Today we've released an important report uncovering the entrepreneurial ambitions of Britain's next generation.

Authored by Sam Dumitriu, in partnership with Octopus Group, and based on a survey of 1,549 young people, Future Founders: Understanding the Next Generation of Entrepreneurs reveals that 51% of British young people aged 14-25 have thought about starting (or have already started) a business. A further third (35%) are open to the idea and just 15% rule it out altogether.

(If you're in a rush we have a Twitter thread here with some of the main findings).

The main barrier to starting a business was “not knowing where to start” (70%). Just two in five (38%) 14-25 year olds say that their education has given them the skills they need to start a business, compared to a quarter (26%) who say it has not. Half of respondents currently studying at university (51%) or currently studying business (55%) say that their education has given them the skills they need to start up – significantly more likely than non-university graduates, or those studying other subjects. However, this falls to 39% when students graduate, suggesting that some knowledge isn’t transferring from the classroom to the real world.

Women make up just a fifth of UK entrepreneurs, and the survey suggests a lack of role models could also present a significant barrier. 57% of young people could not name an entrepreneur who inspires them. Of those that could, 7.9% named Lord Sugar, 6.5% said Richard Branson, and 2.6% named Elon Musk. Kylie Jenner was the most commonly named female entrepreneur (just 1.1%). Further – half of young men could name an entrepreneur who inspires them, but only a third (35%) of women could do the same. Of the entrepreneurs who were named, 85% were male.

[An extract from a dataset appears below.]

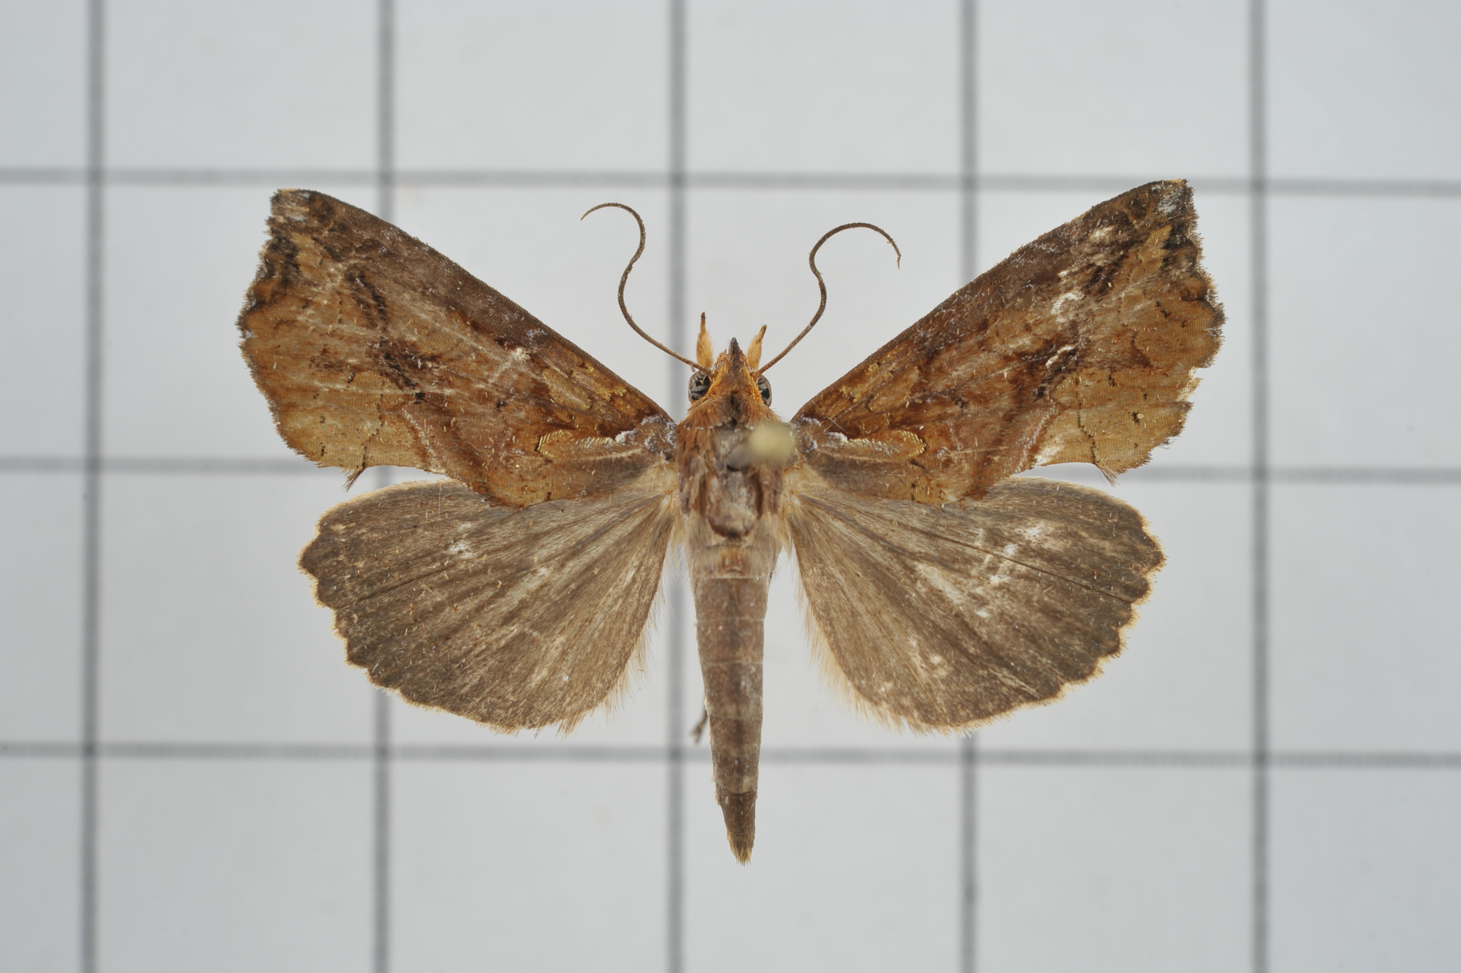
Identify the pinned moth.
Plusiodonta coelonota
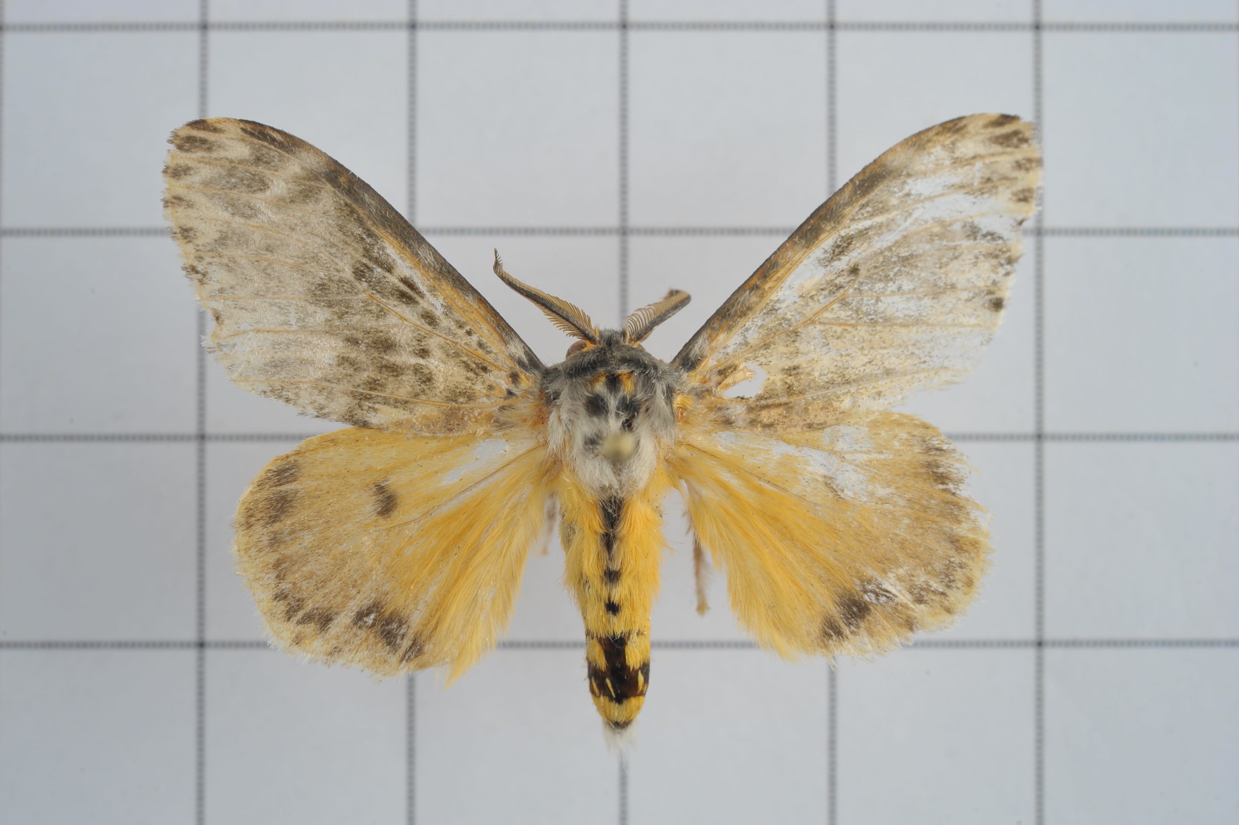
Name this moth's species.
Lymantria mathura subpallida

Past research shows that role models have a greater impact when they are relatable. Closing the gender gap and drawing on a wider range of entrepreneurial talent will require us to champion a more diverse range of entrepreneurs.

But we may also need to change attitudes towards failure if young women – and men – are to create the firms of the future. According to our report, 71% of women and 63% of men cite fear of failure as a barrier to starting up a business.

It has already got a fair amount of press coverage:

FT Sifted
"A member of Gen Z, Jack Cornes started his first business at age eight, selling vegetables from his grandmother’s garden. By the time he was 14 he had founded an online t-shirt business that was shipping to the US and Australia. Now, age 21, he has just raised £210,000 for his six-person startup HausBots, which makes climbing robots that automate the painting of walls..." Read Maija Palmer's whole article here.

The Times
"Young men are almost twice as likely as young women to have started a business, despite similar levels of desire to do so, according to research that highlights barriers to entrepreneurship..." Read James Hurley's whole article here.

City A.M.
"Every entrepreneur has a story of past failure that they’re not afraid to share. I’m no exception. Back in 2010, when Octopus began investing in film production companies, we turned down the opportunity to invest in a small British film called The King’s Speech, which went on to gross £250m worldwide and win four Oscars. Instead, we invested in Burke & Hare, an “edgy” horror-comedy that lost money at the box office and was labelled “unpleasant drivel” by Hollywood Reporter..." Read Simon Rogerson's whole article here.

#FutureFounders
It would be amazing if you could share any thoughts you have about the report with the hashtag #FutureFounders. On Twitter (@tenthinktank & @OisforOctopus), Facebook, LinkedIn and Instagram.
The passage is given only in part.